To perform in planta degradation assay, the stable expression plasmid pBRK1:BRK1-GFP was constructed and transformed into WT, spi mutants, and brk1-1 mutant respectively. The transgenic plants were obtained through antibiotic screening, genomic PCR, and GFP florescence examination. In the T3 generation, total protein were extracted from the latest emerging rosette leaves of 2-week-old soil grown plants with degradation buffer, and treated with CHX for indicated times. The amount of BRK1-GFP protein was evaluated by western blot.

For all immuno-blotting assay, the amounts of PBA1 detected with anti-PBA1 antibody (ab98861, Abcam, England) were used as loading controls. Primers used for p35S:BRK1-GFP and pBRK1:BRK1-GFP plasmids construction are listed in Table S1.

RNA isolation and real-time quantitative RT-PCR (RT-qPCR)

Total RNAs were extracted from the roots of 4-day-old seedlings with TRIzol reagent (15,596–026, Invitrogen, USA). The first-strand DNAs were synthesized with oligo (dT15) primer by using Uelris RT mix with DNase (All-in-one) (R2020, US Everbright® Inc, USA) with 1 μg total RNAs. Real-time qPCRs were carried out with the FastStart Essential DNA Green Master kit (06402712001, Roche, Switzerland) and Bio-Rad CFX96 real-time PCR system. Relative expression levels of the target genes were calculated with 2−△Ct. Expressions levels of GADPH were used as the internal controls. Primers used are listed in Table S1.

Salt sensitivity assay

The experiments were carried out according to Wang et al. (2008b) and Jin et al. (2023). Seeds of the plants from different genotypes were surface sterilized and sown on 1/2 MS medium with or without different concentration of NaCl. Growth status of root hair, primary root, and germination of 4-day-old seedlings were examined. Root hair length, root hair density, primary root length, and biomass were quantitatively measured.

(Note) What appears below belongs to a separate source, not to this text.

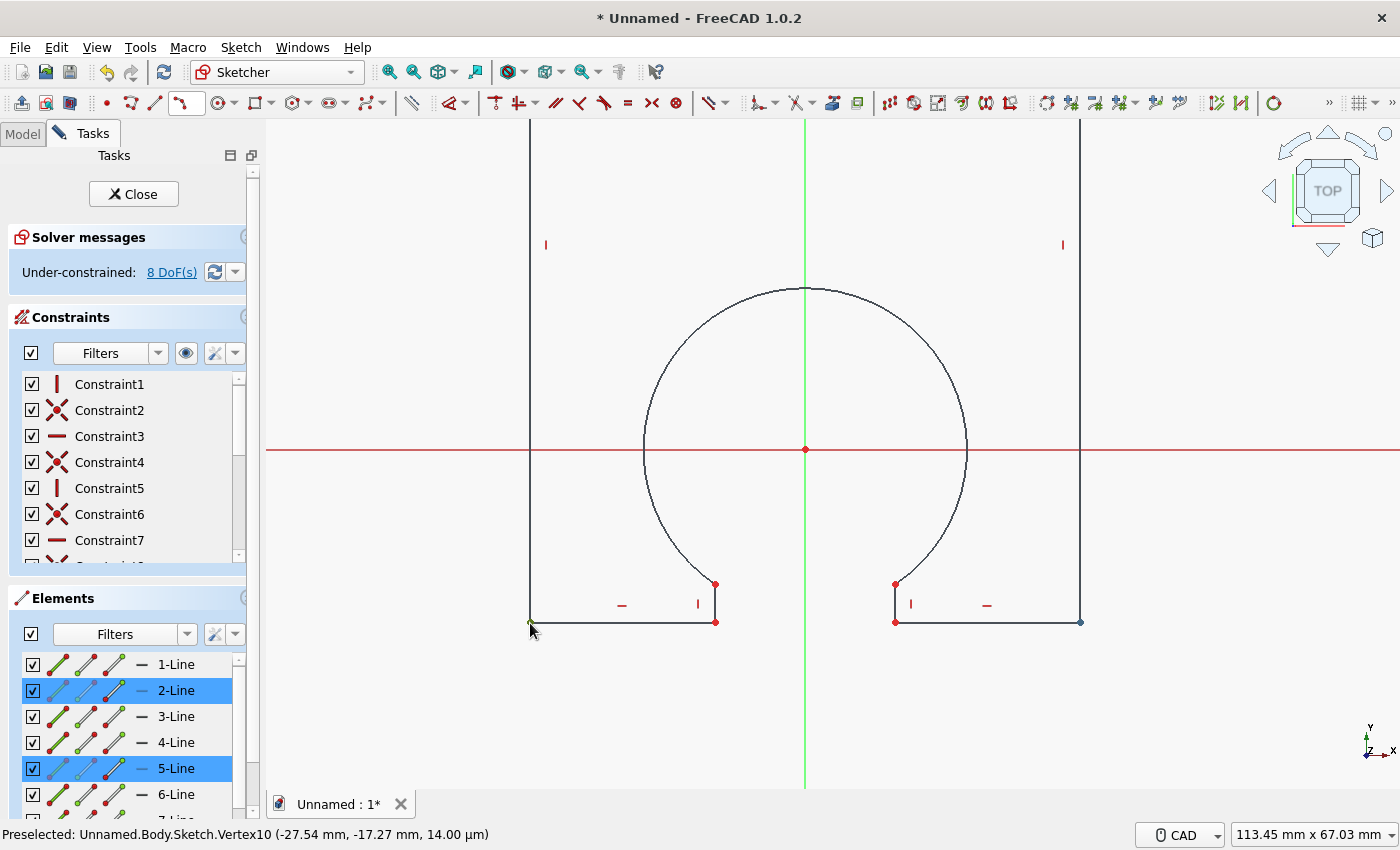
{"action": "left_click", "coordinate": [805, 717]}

F-actin microfilaments imaging and quantification

For in planta F-actin observation, the ABD2-GFP marker line was crossed into the spi-142 background and unsegregated spi-142 ABD2-GFP plants were selected in subsequent generations by genomic PCR and GFP fluorescence analyses. F-actin organization in root hairs and root epidermal cells were examined with a spinning disk confocal system built on a DMi8 inverted microscope (Lecia) equipped with a CSU-W1 confocal scanner unit (Yokogawa) and an iXon Ultra 888 EMCCD camera (Andor) with a HC PL APO 63 × N.A.1.30 glycerol objective (Leica). Images were taken through Z-stacking with a 0.5 um z-step. GFP was excited at 488 nm.

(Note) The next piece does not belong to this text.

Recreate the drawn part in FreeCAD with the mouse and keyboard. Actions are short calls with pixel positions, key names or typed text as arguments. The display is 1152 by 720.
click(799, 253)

Actin density measurements were performed according to Guan et al. (2021). Images acquired were opened with Fiji-Image J, and a line of fixed length (10 μm) perpendicular to the directions of most F-actin was draw and the numbers of F-actin across the line were counted. F-actin angles and anisotropy quantifications were performed according to Boudaoud et al. (2014). Images were loaded in Image J and angles of individual F-actin were measured. Actin filaments parallel to the cell extension direction were defined as 0° while those perpendicular to the cell’s longitudinal axis were defined as 90°. For F-actin anisotropy evaluation, the following convention was used: anisotropy score 0 = no order (purely isotropic arrays) and 1 = perfectly ordered (purely anisotropic arrays). For each scenario, a total of 8-10 seedling roots were analyzed, and 2-3 root epidermal cells with clear F-actin configuration in each seedling were selected for quantitative analyses. For F-actin angles analyses, 10 actin filaments or bundles in each cell were selected for measurements, therefore, about 300 (10 x 3 x 10) actin filaments were surveyed in each condition. Values of F-actin angle were divided into 6 intervals (0-15°, 15-30°, 30-45°, 45-60°, 60-75°,75-90°), respectively. The frequency of the F-actin angles in each interval was analyzed, and finally exhibited as a heatmap.

Statistical analyses

Statistical analyses were carried out using Graphpad Prism software. Data are presented as means and standard diviations of the distributions. Student’s t test were performed to determine the significance of differences between data sets. All tests were two tailed, performed at the significance level P = 0.05. For all analyses, P < 0.05 was considered statistically significant (*P < 0.05; ** P < 0.01; *** P < 0.001; **** P < 0.0001; n.s. not significant, P > 0.05).